Tier 0: Regulatory (The Ground Truth)
Static, authoritative, legally mandated.
| Source | Access Method | Update Frequency | Data Format |
|---|---|---|---|
| FDA Labels | OpenFDA API | Weekly | Structured JSON |
| EMA Post-Auth | Web Scraper / RSS | Monthly | PDF / HTML |
| DailyMed | NIH API / Bulk | Daily | SPL (XML) |
| PMDA (Japan) | Web Scraper | Quarterly | HTML (Japanese) |
Tier 1: Clinical (The Science)
Rigorous, peer-reviewed, baseline statistics.
| Source | Access Method | Data Points |
|---|---|---|
| ClinicalTrials.gov | CT.gov API v2 | Adverse Event Tables, Trial Status |
| EudraCT | Web Scraper | European Clinical Trial results |
| Registry Metadata | Crossref API | Publication status of completed trials |
Tier 2: Observational & Expert (The Narrative)
Case reports, specialist guidelines, real-world studies.
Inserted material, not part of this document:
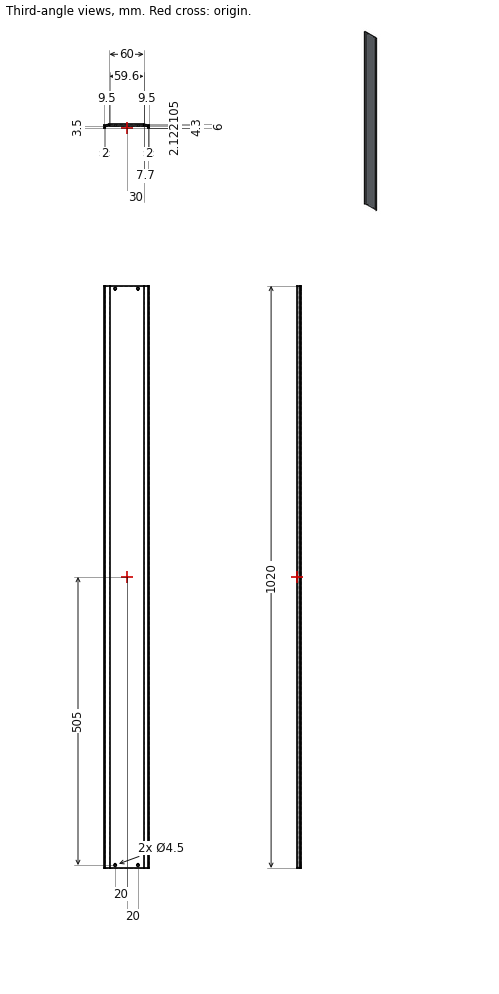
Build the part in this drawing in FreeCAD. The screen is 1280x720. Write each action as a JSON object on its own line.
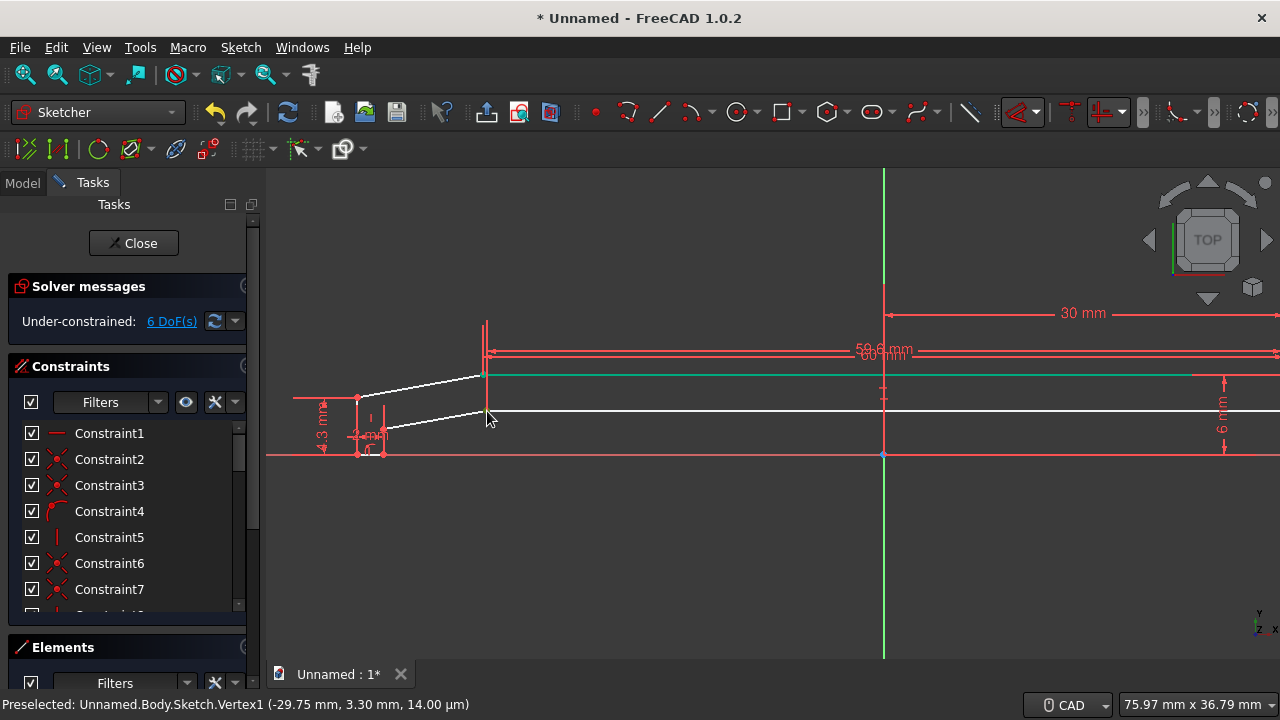
{"action": "key", "text": "i"}
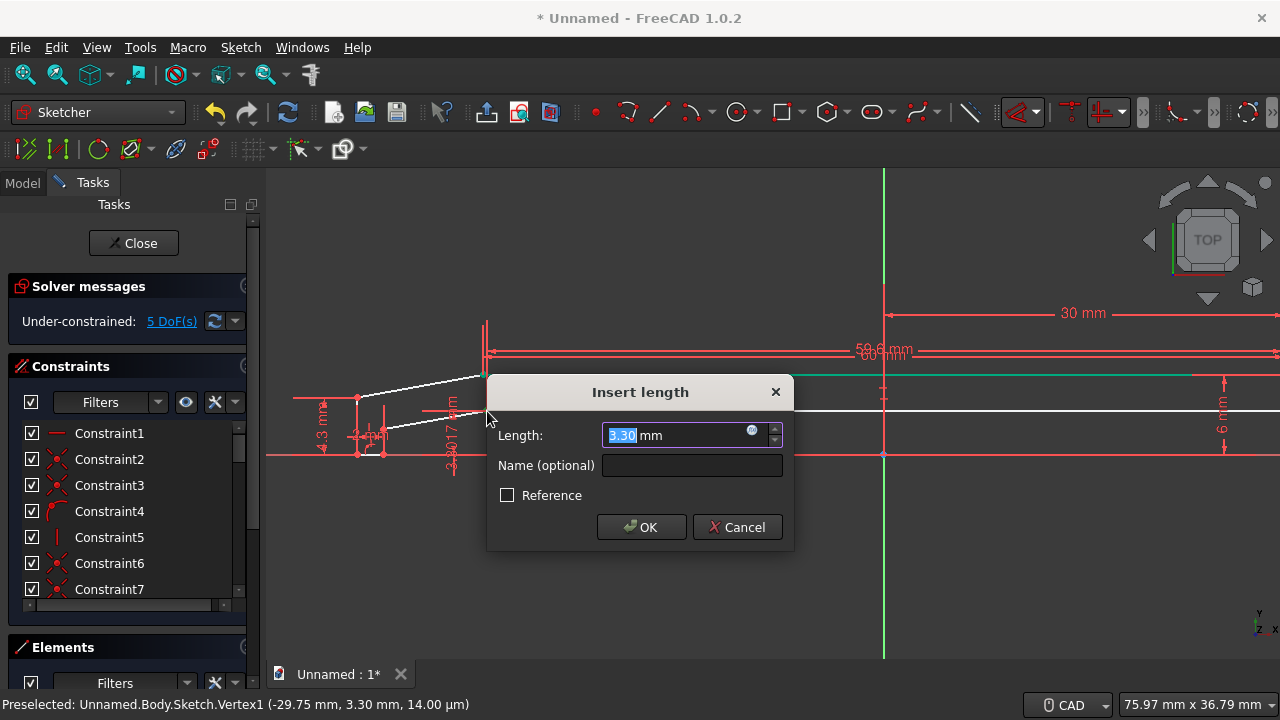
{"action": "type", "text": "3.5"}
{"action": "key", "text": "Return"}
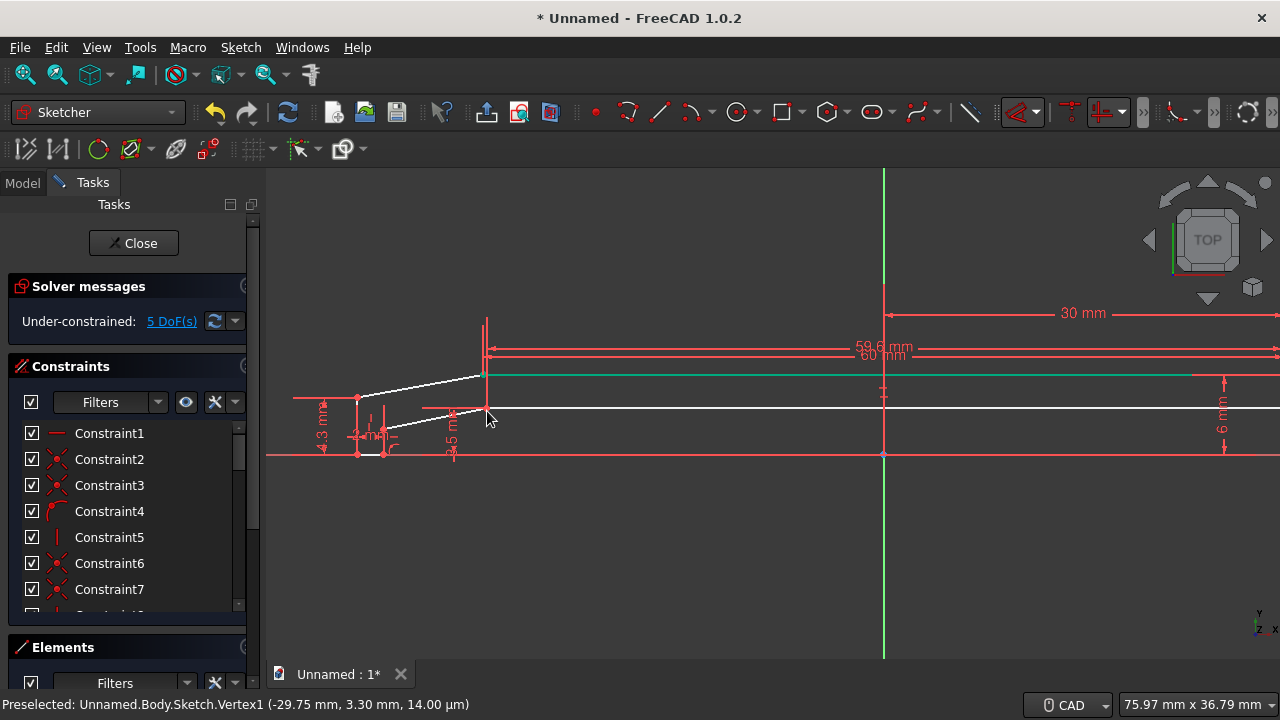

| Source | Access Method | Role |
|---|---|---|
| PubMed / MEDLINE | Entrez E-utilities | Case reports of rare adverse events |
| bioRxiv / medRxiv | API | Pre-print signals (Fast but unverified) |
| NICE Guidelines | Web Scraper | Standard of care changes |
Tier 4: Aggregated Community (The Volume)
Structured reports from non-regulatory sources.
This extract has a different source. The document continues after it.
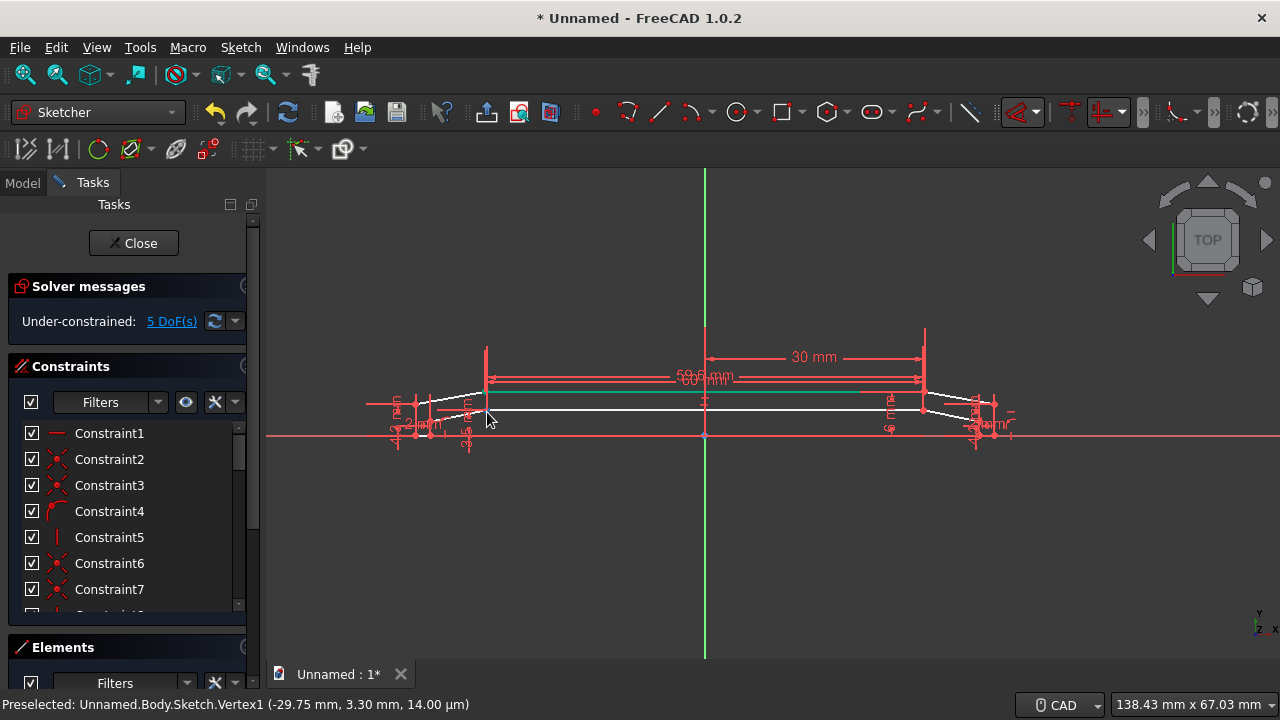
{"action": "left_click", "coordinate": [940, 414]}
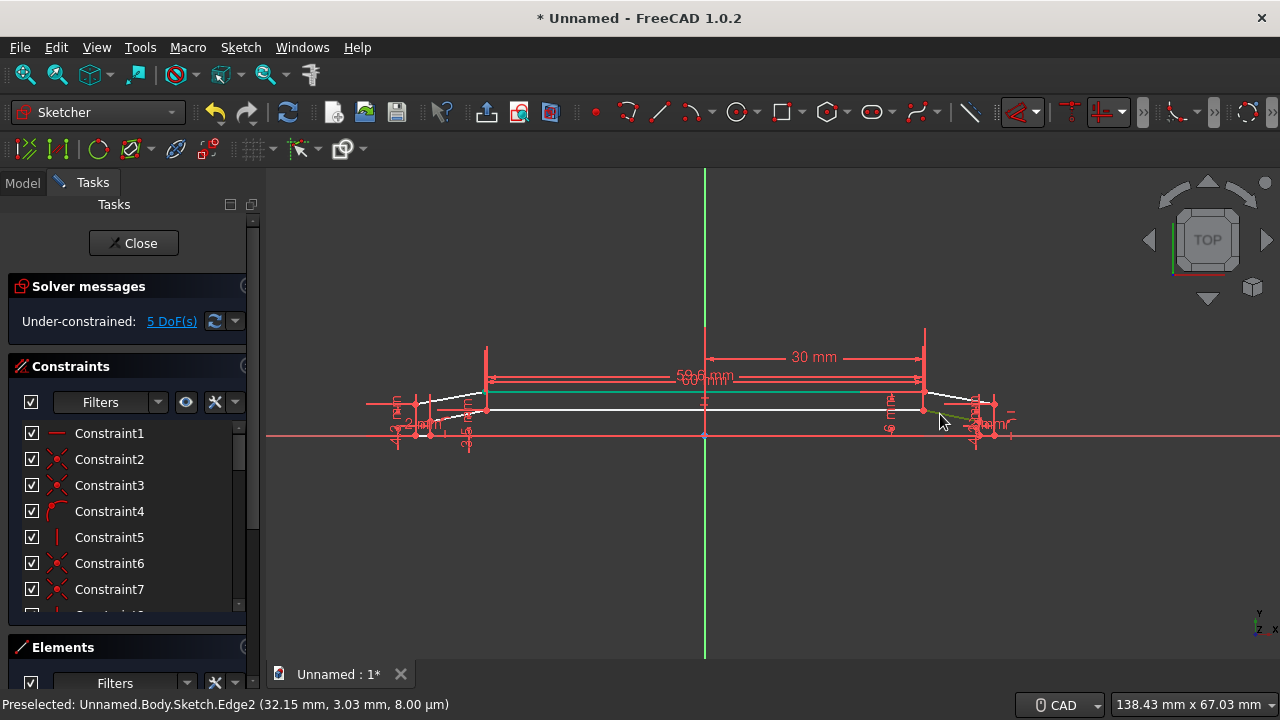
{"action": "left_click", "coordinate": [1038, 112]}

| Source | Access Method | Role |
|---|---|---|
| FAERS | OpenFDA API | Public side-effect reporting (Noisy) |
| VAERS | OpenFDA API | Vaccine-specific adverse events |
| PatientsLikeMe | Web Scraper | Structured patient-reported outcomes |
Tier 5: Anecdotal (The Early Warning)
Unstructured, high-velocity, messy.
| Source | Access Method | Target Channels |
|---|---|---|
| Apify / Reddit API | r/Ozempic, r/Medicine, r/Biohackers | |
| Twitter / X | Apify | #MedTwitter, #PharmaSafety |
| TikTok | Web Scraper | Trending side-effect "storytimes" |
Ingestion Strategy
1. The "Golden Path" (High Confidence)
Automatic ingestion of Tier 0 and Tier 1 data. These sources are considered permanent and override all others in the Authority Lens.
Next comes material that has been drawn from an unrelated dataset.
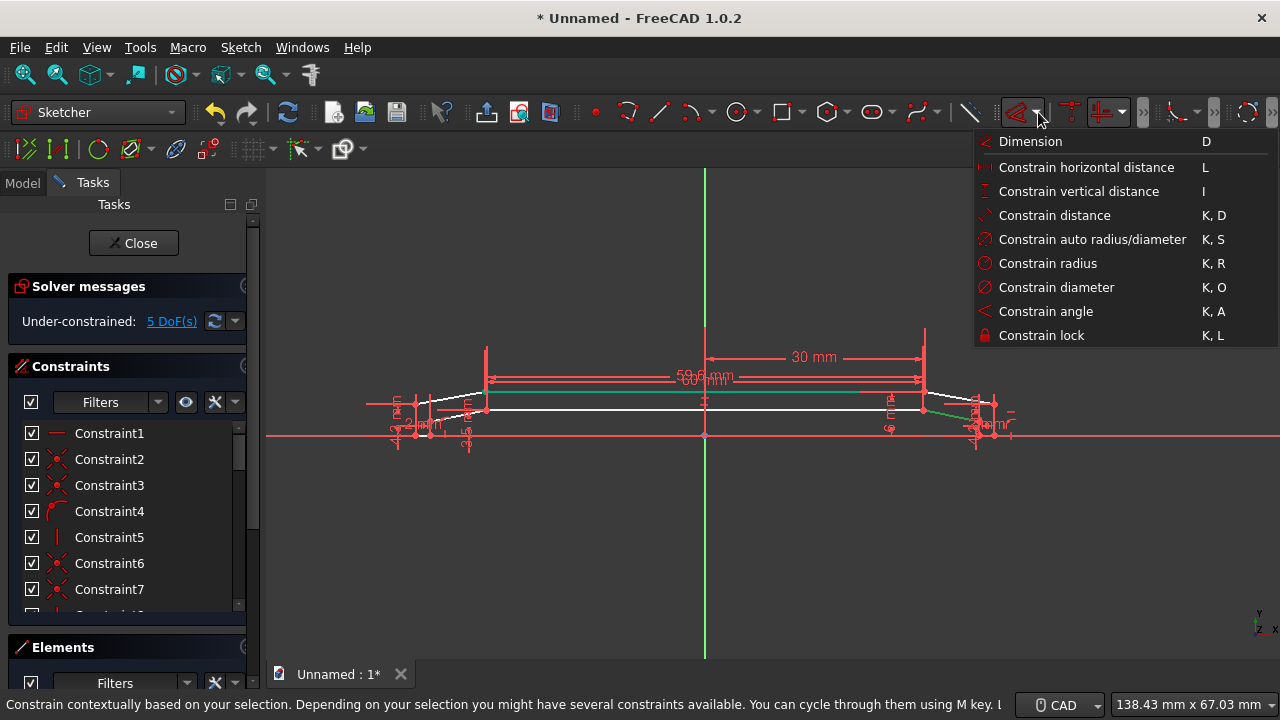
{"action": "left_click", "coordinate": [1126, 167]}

2. The "Signal Path" (Predictive)
Clustering of Tier 5 data.
- Individual reports are ignored.
- Clusters (e.g., 50+ mentions of a symptom in 7 days) are promoted to "Latent Signals" and flagged for comparison against Tier 0.
3. Language Translation
Latent uses google-cloud-translate or local marian-nmt models to normalize Tier 0 data from the PMDA (Japan) and EMA (EU) into English assertions for global conflict detection.